▶ **What is required**
How do the lines below between the ones holding "In this photo, find" and "- glove [360,145,403,202]", inclusive, read? Give them again exactly, with no other lines.

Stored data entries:
+ + + + +

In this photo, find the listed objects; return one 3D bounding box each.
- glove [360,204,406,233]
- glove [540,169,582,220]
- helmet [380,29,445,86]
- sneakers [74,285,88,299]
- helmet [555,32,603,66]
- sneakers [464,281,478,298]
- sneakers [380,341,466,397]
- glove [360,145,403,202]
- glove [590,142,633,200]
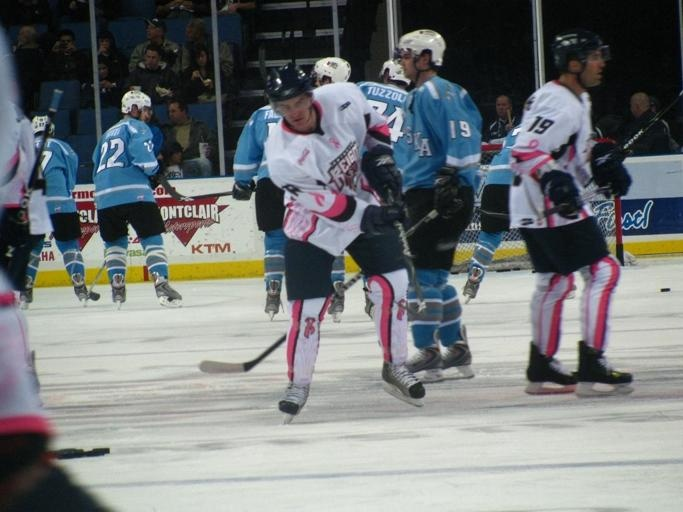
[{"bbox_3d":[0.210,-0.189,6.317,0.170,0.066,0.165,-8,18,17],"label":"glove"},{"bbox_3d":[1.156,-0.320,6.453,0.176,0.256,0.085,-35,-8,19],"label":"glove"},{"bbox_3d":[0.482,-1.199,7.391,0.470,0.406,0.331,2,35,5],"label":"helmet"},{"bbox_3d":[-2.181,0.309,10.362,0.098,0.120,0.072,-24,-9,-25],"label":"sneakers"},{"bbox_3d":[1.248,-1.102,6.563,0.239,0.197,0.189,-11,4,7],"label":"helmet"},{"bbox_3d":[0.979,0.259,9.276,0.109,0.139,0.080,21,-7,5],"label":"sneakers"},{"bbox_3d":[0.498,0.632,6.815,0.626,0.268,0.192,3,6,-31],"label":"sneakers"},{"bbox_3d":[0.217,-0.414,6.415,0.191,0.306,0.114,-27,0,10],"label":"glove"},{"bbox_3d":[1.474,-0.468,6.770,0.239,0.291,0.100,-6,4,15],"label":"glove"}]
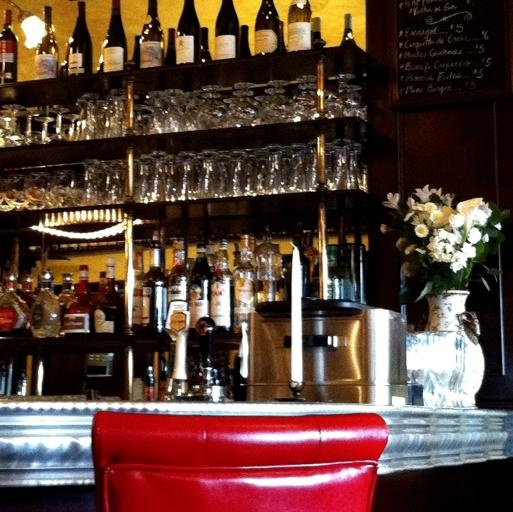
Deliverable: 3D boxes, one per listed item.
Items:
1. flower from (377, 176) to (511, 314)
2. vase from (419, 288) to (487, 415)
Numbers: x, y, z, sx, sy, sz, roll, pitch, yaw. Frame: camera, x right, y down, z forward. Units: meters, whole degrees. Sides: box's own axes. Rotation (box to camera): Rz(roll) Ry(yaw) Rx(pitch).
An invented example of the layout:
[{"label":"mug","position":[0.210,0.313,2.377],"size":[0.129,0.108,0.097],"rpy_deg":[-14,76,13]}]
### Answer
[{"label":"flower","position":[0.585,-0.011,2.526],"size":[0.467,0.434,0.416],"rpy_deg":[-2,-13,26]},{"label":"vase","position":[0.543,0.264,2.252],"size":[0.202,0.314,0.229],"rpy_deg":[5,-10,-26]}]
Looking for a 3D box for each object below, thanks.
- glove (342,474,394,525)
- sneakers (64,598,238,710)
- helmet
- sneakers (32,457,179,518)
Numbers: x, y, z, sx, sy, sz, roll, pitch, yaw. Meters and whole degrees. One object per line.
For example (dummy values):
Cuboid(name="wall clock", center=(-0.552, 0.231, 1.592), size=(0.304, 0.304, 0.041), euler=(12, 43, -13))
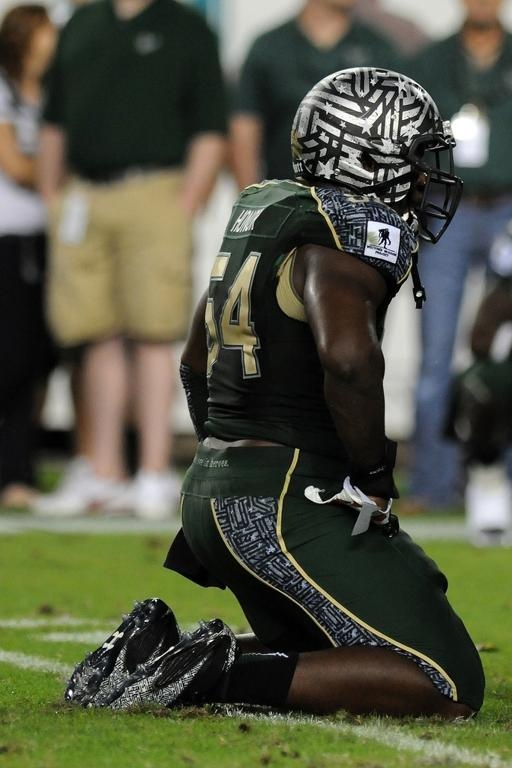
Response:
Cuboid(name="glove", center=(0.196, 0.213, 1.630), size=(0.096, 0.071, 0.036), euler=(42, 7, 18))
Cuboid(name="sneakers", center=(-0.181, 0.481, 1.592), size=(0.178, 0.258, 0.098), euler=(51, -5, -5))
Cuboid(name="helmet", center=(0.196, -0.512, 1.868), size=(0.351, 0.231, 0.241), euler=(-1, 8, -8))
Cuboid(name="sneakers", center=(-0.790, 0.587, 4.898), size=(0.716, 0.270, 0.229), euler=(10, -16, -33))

+ + + + +

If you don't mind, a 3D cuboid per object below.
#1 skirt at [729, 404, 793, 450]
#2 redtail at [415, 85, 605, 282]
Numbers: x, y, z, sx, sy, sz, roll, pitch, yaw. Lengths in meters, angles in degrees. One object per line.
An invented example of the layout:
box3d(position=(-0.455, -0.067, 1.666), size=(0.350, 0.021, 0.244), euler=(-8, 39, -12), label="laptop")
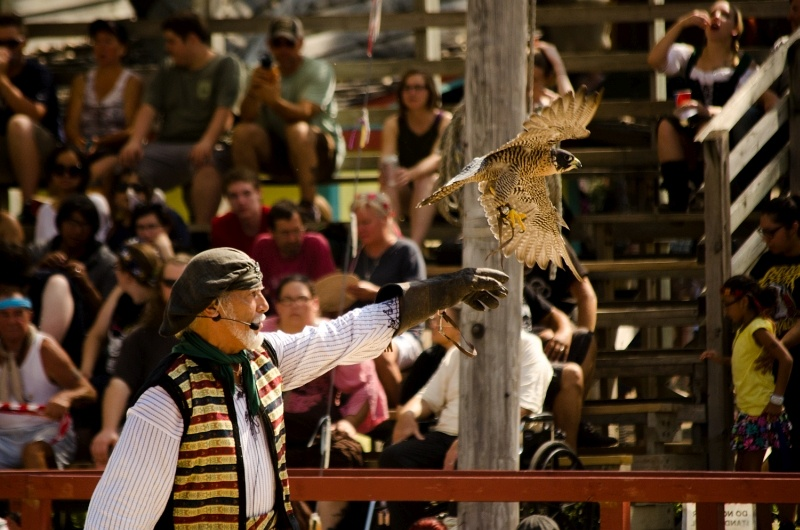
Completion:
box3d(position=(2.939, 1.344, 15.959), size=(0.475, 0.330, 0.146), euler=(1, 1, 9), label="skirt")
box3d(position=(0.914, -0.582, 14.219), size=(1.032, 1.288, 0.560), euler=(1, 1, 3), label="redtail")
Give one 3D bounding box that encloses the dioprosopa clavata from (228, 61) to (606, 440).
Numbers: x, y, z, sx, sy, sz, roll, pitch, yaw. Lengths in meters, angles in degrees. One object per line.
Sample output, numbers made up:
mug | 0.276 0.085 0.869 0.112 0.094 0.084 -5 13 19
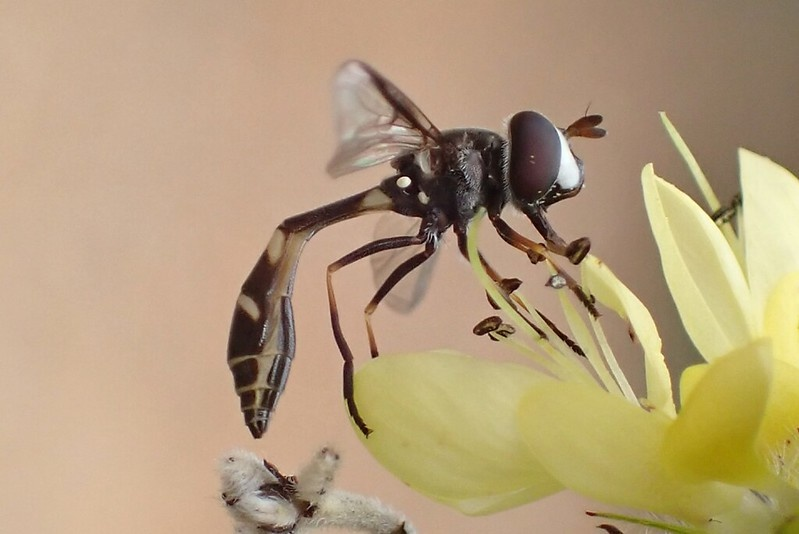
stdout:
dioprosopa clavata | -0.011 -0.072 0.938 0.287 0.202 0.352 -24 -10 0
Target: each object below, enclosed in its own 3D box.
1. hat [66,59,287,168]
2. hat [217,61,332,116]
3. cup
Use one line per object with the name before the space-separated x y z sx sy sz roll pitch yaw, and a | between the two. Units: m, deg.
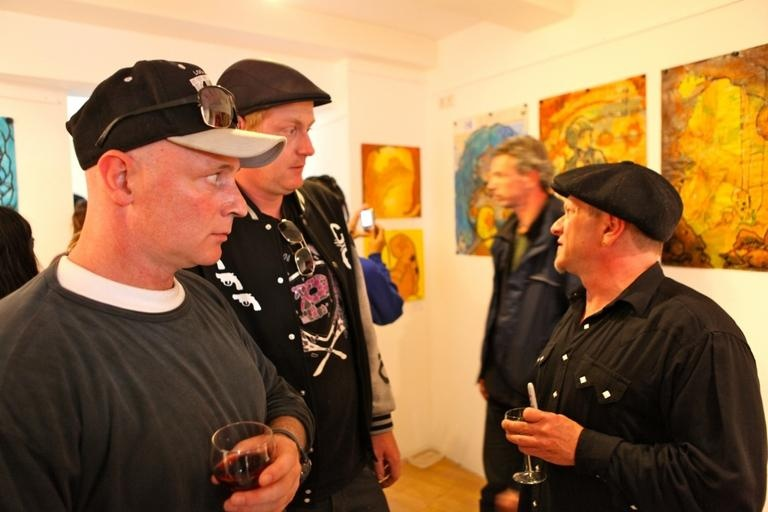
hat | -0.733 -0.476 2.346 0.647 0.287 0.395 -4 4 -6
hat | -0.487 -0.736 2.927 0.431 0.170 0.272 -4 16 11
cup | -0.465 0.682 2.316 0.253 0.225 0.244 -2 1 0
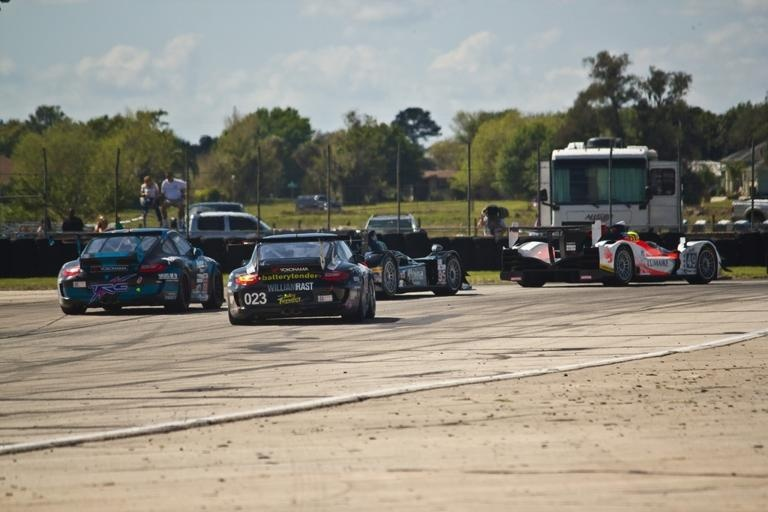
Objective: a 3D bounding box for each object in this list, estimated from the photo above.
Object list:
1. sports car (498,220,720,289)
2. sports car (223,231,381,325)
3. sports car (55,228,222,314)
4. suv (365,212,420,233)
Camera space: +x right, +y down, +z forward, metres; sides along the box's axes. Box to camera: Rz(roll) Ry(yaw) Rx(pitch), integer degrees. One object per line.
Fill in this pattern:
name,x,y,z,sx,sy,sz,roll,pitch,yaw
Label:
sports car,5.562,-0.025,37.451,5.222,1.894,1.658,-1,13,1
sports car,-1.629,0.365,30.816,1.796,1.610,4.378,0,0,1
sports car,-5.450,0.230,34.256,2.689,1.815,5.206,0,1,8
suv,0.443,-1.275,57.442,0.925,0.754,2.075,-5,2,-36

+ + + + +

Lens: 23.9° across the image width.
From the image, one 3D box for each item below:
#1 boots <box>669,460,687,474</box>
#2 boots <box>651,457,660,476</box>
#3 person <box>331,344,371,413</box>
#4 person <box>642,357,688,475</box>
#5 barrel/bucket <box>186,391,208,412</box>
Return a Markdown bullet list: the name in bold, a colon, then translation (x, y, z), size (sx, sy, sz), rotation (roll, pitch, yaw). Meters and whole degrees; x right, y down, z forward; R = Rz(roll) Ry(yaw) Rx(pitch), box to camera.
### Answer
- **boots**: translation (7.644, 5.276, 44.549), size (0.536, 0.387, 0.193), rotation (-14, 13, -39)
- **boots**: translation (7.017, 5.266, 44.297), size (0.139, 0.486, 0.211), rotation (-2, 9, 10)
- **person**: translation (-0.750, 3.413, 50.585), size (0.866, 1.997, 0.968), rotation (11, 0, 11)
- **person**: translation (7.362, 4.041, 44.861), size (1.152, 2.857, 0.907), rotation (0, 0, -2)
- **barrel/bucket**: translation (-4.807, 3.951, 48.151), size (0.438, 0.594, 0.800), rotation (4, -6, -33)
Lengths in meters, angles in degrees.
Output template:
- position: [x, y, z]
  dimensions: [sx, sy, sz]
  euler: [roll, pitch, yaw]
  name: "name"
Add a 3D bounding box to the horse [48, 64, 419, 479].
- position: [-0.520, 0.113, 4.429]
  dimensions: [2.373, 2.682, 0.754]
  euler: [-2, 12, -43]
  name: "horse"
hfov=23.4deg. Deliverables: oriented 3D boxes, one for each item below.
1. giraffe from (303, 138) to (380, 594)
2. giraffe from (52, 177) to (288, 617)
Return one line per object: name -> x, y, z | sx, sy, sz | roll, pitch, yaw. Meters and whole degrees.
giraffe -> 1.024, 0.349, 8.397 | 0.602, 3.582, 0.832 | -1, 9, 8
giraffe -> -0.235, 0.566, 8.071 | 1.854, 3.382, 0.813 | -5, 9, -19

+ + + + +

▶ **Exercise response**
In this photo, find the listed objects; return one 3D bounding box each.
- glove [360,204,406,233]
- glove [540,169,582,220]
- helmet [380,29,445,86]
- sneakers [74,285,88,299]
- helmet [555,32,603,66]
- sneakers [464,281,478,298]
- sneakers [380,341,466,397]
- glove [360,145,403,202]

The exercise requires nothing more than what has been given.